TIMs break down into two basic types. If you've bought a retail processor in the past, you'll probably be familiar with the thermal pad, which is a small square patch of phase-change material (one that changes state from solid to liquid according to temperature). At room temperature, it's solid or semi-solid, but once the CPU warms up, it softens to provide a thin, thermally conductive interface.
The thermal pad is often derided, but it has advantages. It isn't messy, it's pre-applied and it's evenly distributed across the surface, which is why manufacturers like it for their retail heatsinks. It's also less likely to creep in the long term than cheaper pastes.
However, a thermal pad's thermal conductivity usually isn't as good as that of proper TIM, and the pads only work under constant pressure from the heatsink retention clips. If these don't provide enough pressure, the pad is useless. In addition, there can be long-term problems; as the heatsink base and CPU grow or shrink due to heat, the pads don't always keep up, and air pockets can be introduced.
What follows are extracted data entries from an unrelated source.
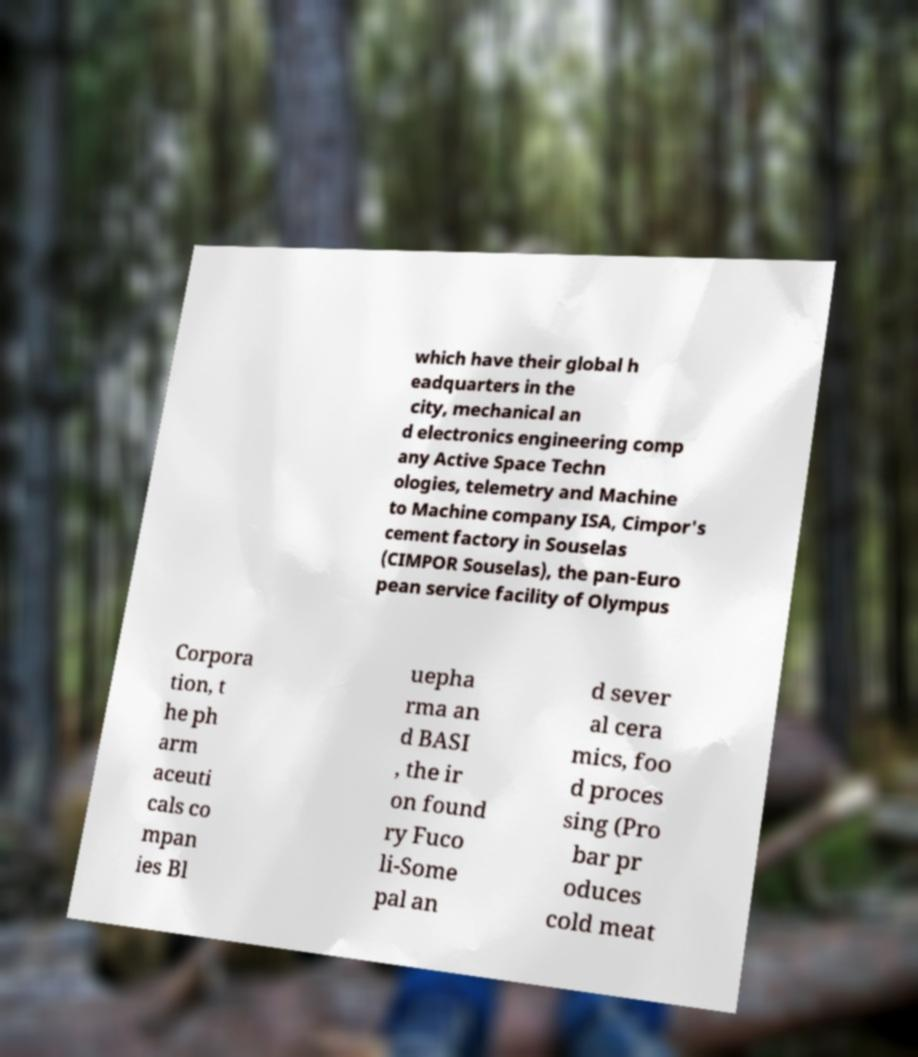Please read and relay the text visible in this image. What does it say? which have their global h eadquarters in the city, mechanical an d electronics engineering comp any Active Space Techn ologies, telemetry and Machine to Machine company ISA, Cimpor's cement factory in Souselas (CIMPOR Souselas), the pan-Euro pean service facility of Olympus Corpora tion, t he ph arm aceuti cals co mpan ies Bl uepha rma an d BASI , the ir on found ry Fuco li-Some pal an d sever al cera mics, foo d proces sing (Pro bar pr oduces cold meat 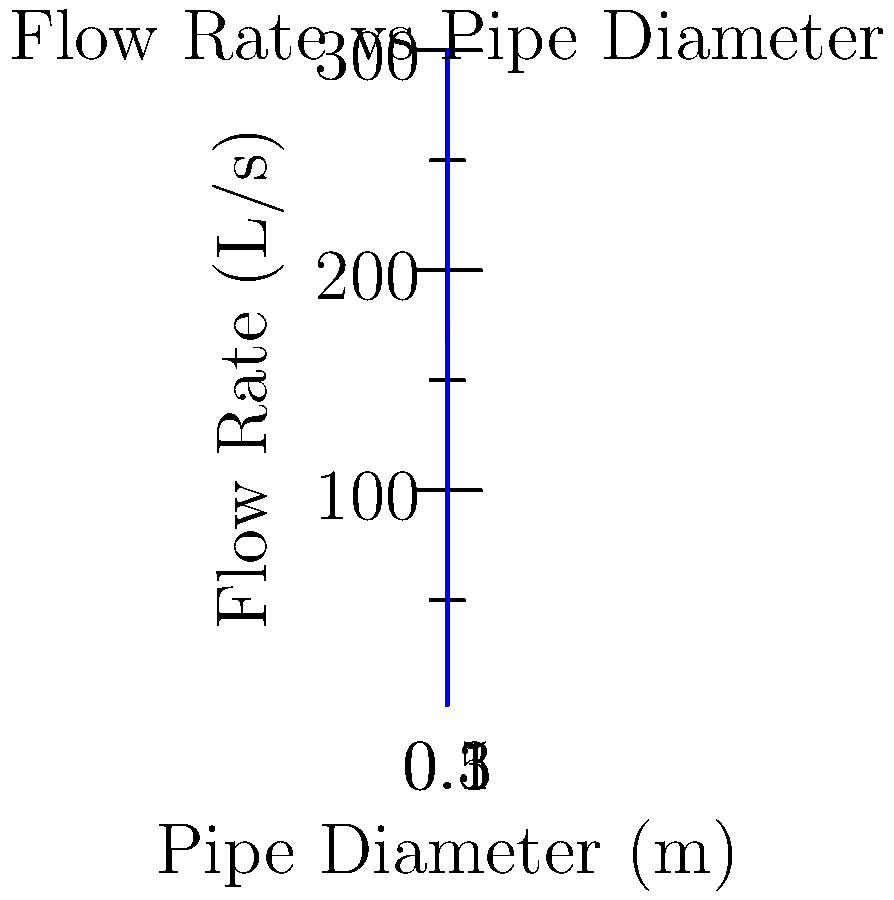In a city's water supply system, the relationship between pipe diameter and flow rate is crucial for efficient distribution. Based on the graph, which shows flow rates for different pipe diameters, what is the approximate increase in flow rate when upgrading from a 0.2m diameter pipe to a 0.4m diameter pipe? How might this information influence decisions in pharmaceutical manufacturing facilities that require precise water flow control? To solve this problem, we'll follow these steps:

1. Identify the flow rates for 0.2m and 0.4m diameter pipes from the graph:
   - For 0.2m diameter: Flow rate ≈ 19.2 L/s
   - For 0.4m diameter: Flow rate ≈ 153.6 L/s

2. Calculate the difference in flow rates:
   $\Delta \text{Flow Rate} = 153.6 \text{ L/s} - 19.2 \text{ L/s} = 134.4 \text{ L/s}$

3. The increase in flow rate is approximately 134.4 L/s.

This information is crucial for pharmaceutical manufacturing facilities because:

a) Precise water flow control is essential for maintaining consistent drug quality and production rates.

b) Upgrading pipe diameters can significantly increase water supply capacity, potentially allowing for expansion of production facilities or implementation of new processes that require higher water flow rates.

c) The non-linear relationship between pipe diameter and flow rate (as evident from the graph) demonstrates that small increases in pipe diameter can lead to large increases in flow capacity, which could be cost-effective for facility upgrades.

d) Understanding this relationship helps in optimizing water distribution systems within pharmaceutical plants, ensuring adequate supply for critical processes such as cleaning, cooling, and ingredient mixing.

e) It allows for better planning of water-dependent processes in drug development and manufacturing, potentially reducing bottlenecks and improving overall efficiency.
Answer: 134.4 L/s increase 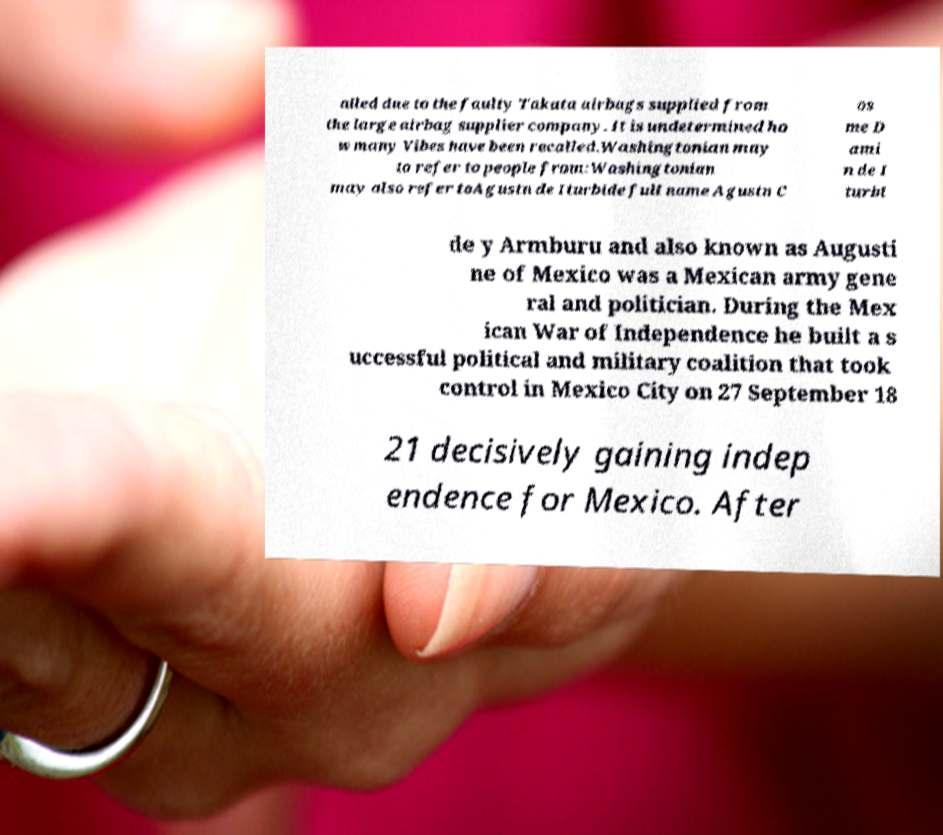Can you read and provide the text displayed in the image?This photo seems to have some interesting text. Can you extract and type it out for me? alled due to the faulty Takata airbags supplied from the large airbag supplier company. It is undetermined ho w many Vibes have been recalled.Washingtonian may to refer to people from:Washingtonian may also refer toAgustn de Iturbide full name Agustn C os me D ami n de I turbi de y Armburu and also known as Augusti ne of Mexico was a Mexican army gene ral and politician. During the Mex ican War of Independence he built a s uccessful political and military coalition that took control in Mexico City on 27 September 18 21 decisively gaining indep endence for Mexico. After

In more recent times, however, as the TDP of processors has increased, thermal pads have been phased out in favour of a form of thermal grease that's screen printed on to the heatsink. This is because the pads were made to become fluid at a certain temperature, but the fluid degrades and starts to separate if the temperature goes above this.
The thermal pad on the bottom of a stock Intel LGA775 heatsink (left), Arctic Alumina tube (right) - Click to enlarge
A paste, meanwhile, comes in a sachet, tube, bottle or syringe containing - at the low end - a silicon-based grease that fills the gaps or - at the higher end - a grease or gel containing suspended particles of one or more substances with a high thermal conductivity. The paste or gel is brushed or scraped over the two surfaces, then, during operation, it flows freely to eliminate gaps (although for gels, there's usually a 'curing' period during which the thermal interface material settles and fills in the gaps). Over time, it hardens to a more permanent, rubbery state.
Gels and greases have their downsides. Firstly, the TIM can pump out of the interface area under heat and pressure. Secondly, over time, the liquid constituents can evaporate, causing hardening, and then cracking or crumbling. Gels and greases are also more prone to poor application.
Whack too much on or don't spread it evenly, and you either get a less efficient heat interface, or create an excess that leaks out and wreaks havoc on the motherboard. Generally speaking, the more viscous the TIM, the more resistant it will be to any ill-effects. Partly for this reason, the early silicon greases are steadily being replaced by polysynthetic oils or gels.